Instead of basing medical training in the cities, with short rotations to rural sites, O’Kane said training time should be mandated to at least 50:50, and there should be greater emphasis on drawing early career doctors away from metropolitan sites for their pre-vocational years.

Allowing junior doctors to carry over their pay and conditions including leave and loading from the hospital system into primary care – underwritten by block government funding – would also make a material difference to the recruitment of graduates into general practice. This needed to be accompanied by a rethink of the fee-for-service model rurally, she added.

“I think we just have to do a lot of this differently,” O’Kane said.

Taskforce priorities

The Federal Government recently announced the appointment of a Strengthening Medicare Taskforce to address stresses on the hospital system, with priorities to include after-hours access to health care, affordability, and chronic disease management.

The Taskforce includes a number of rural representatives including Dr Sarah Chalmers from the Australian College of Rural and Remote Medicine, National Rural Health Commissioner Adjunct Professor Ruth Stewart, and NACCHO chief Dr Dawn Casey.

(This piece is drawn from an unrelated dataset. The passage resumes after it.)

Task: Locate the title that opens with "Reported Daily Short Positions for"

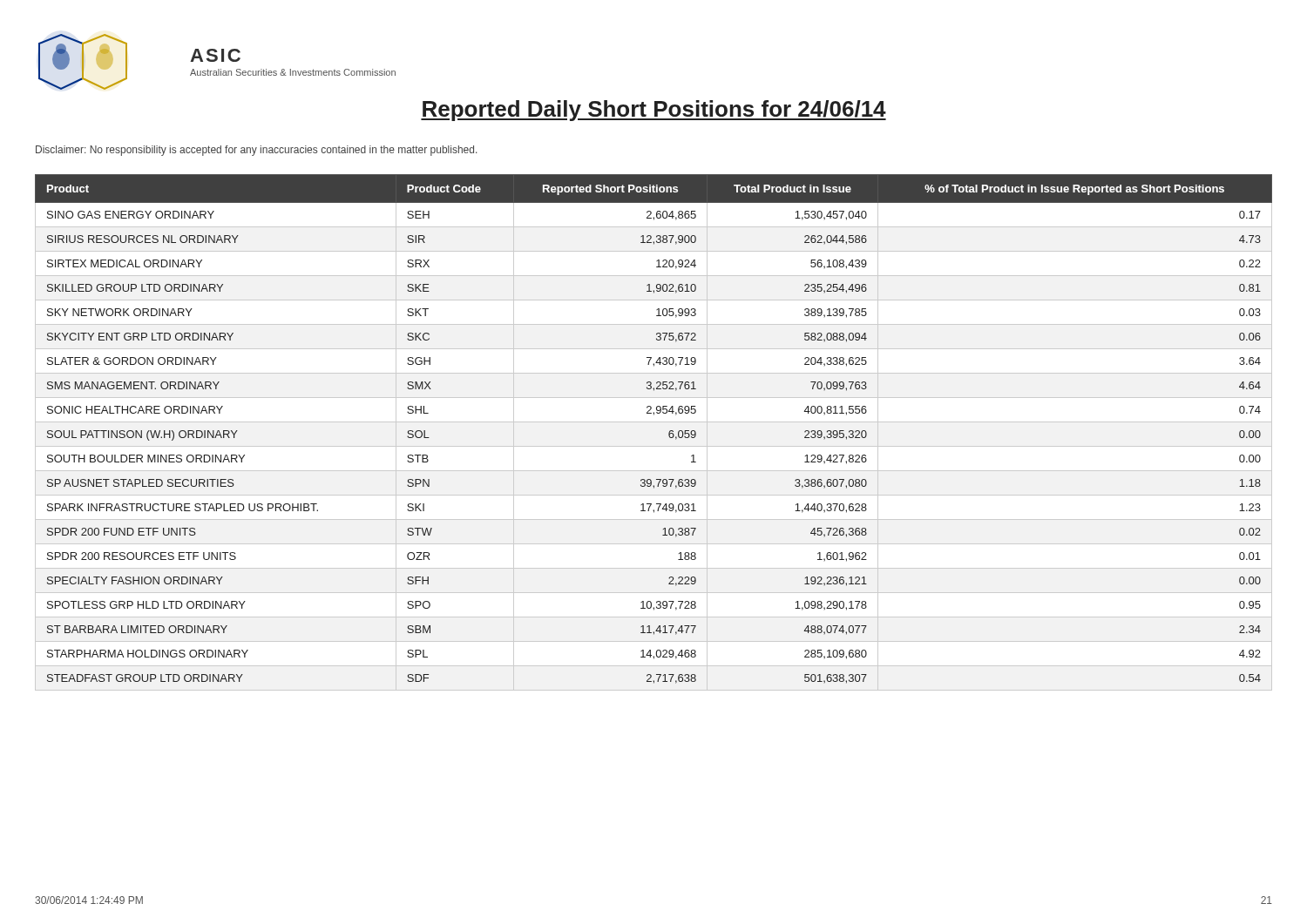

The NRHA conference, which is themed ‘Bridging social distance: rural health innovating & collaborating’, is pushing a focus on solutions, with delegates being asked to consider three key questions:

  • What motivates you to keep working rural?
  • Is there a local solution to improving rural health delivery that has worked for you?
  • If you had one recommendation for the federal Minister for Health, what would it be?

Presentations will canvas a broad range of topics including digital health, mental health, family and domestic violence and women’s health, health and the arts, prevention and determinants, research, aged and palliative care, chronic disease, and oral health.

• Dr Amy Coopes will report on the National Rural Health Conference for the Croakey Conference News Service on 3 August. You can follow her on Twitter @coopesdetat, along with @CroakeyNews and @WePublicHealth, which will be curated this week by the NRHA from Brisbane. You can join the conversation on the hashtags #16nrhc #ruralhealthconf. Bookmark this link for our stories and follow the #16nrhc Twitter list.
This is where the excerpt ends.